Given multiple patterns that need to be extracted from the text below.
import re
s = 'This text2 11contains 4 numbers and 6 words.'
For example assuming I need to extract words and numbers separately, I can do:
>>> re.findall(r'[a-zA-Z]+', s)
['This', 'text', 'contains', 'numbers', 'and', 'words']
and
>>> re.findall(r'\d+', s)
['2', '11', '4', '6']
However, if I want to combine both in a single expression, I would do:
>>> re.findall(r'[a-zA-z]+|\d+', s)
['This', 'text', '2', '11', 'contains', '4', 'numbers', 'and', '6', 'words']
But I need to tell which belongs to which pattern. In this case I can simply check if isnumeric()

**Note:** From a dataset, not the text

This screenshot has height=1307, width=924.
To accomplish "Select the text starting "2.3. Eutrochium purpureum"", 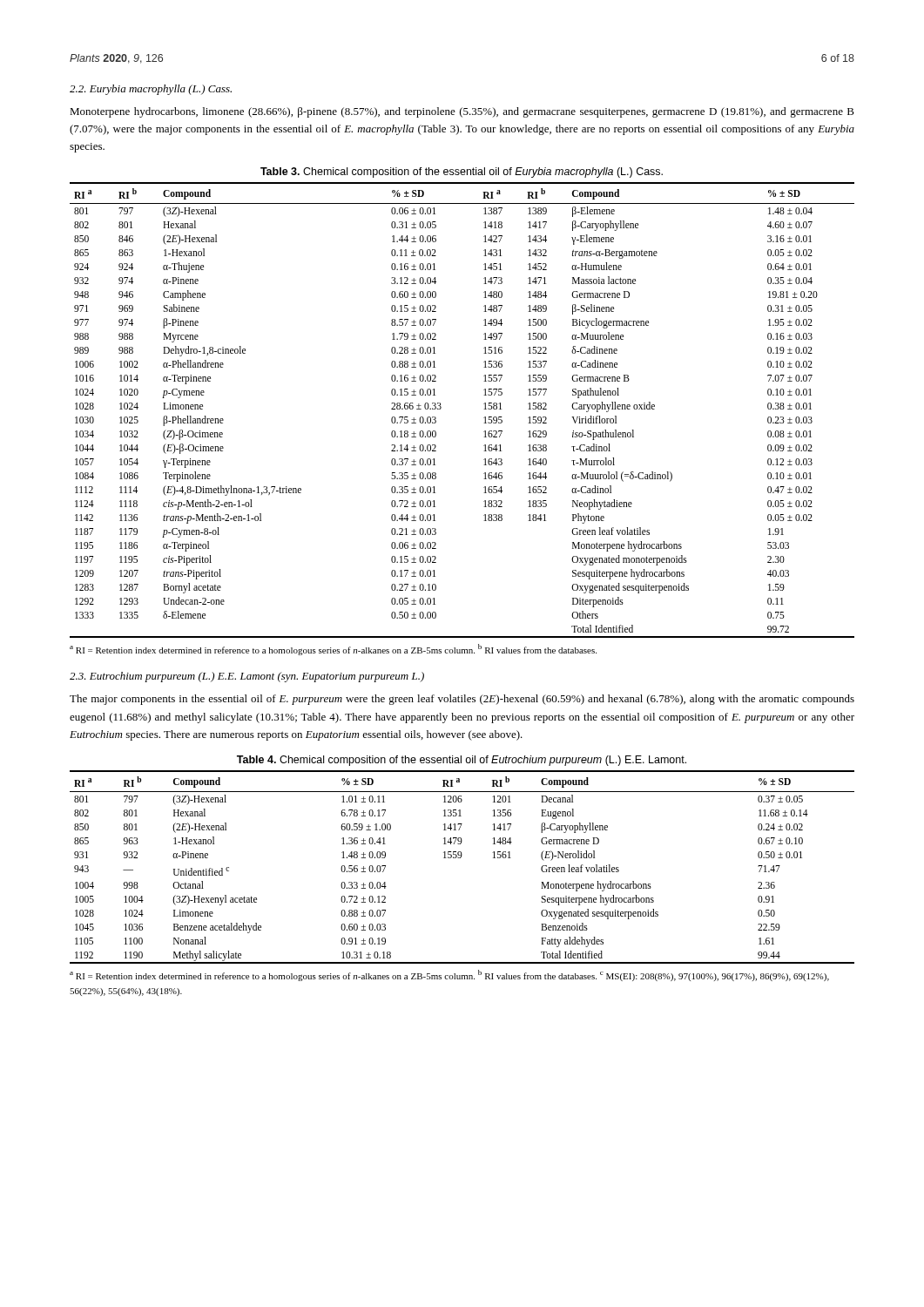I will (x=247, y=676).

and group each accordingly but with the patterns getting any more complicated, there is no way of telling unless each pattern is extracted separately which will eventually become inefficient if a large number of documents and patterns need to be extracted separately. What would be a way of obtaining the match types? For the example above it would be something like:
['This', 'text', '2', '11', 'contains', '4', 'numbers', 'and', '6', 'words']
['word', 'word', 'number', ...]
or a simple enumeration of each group [0, 0, 1, 1, ...]
.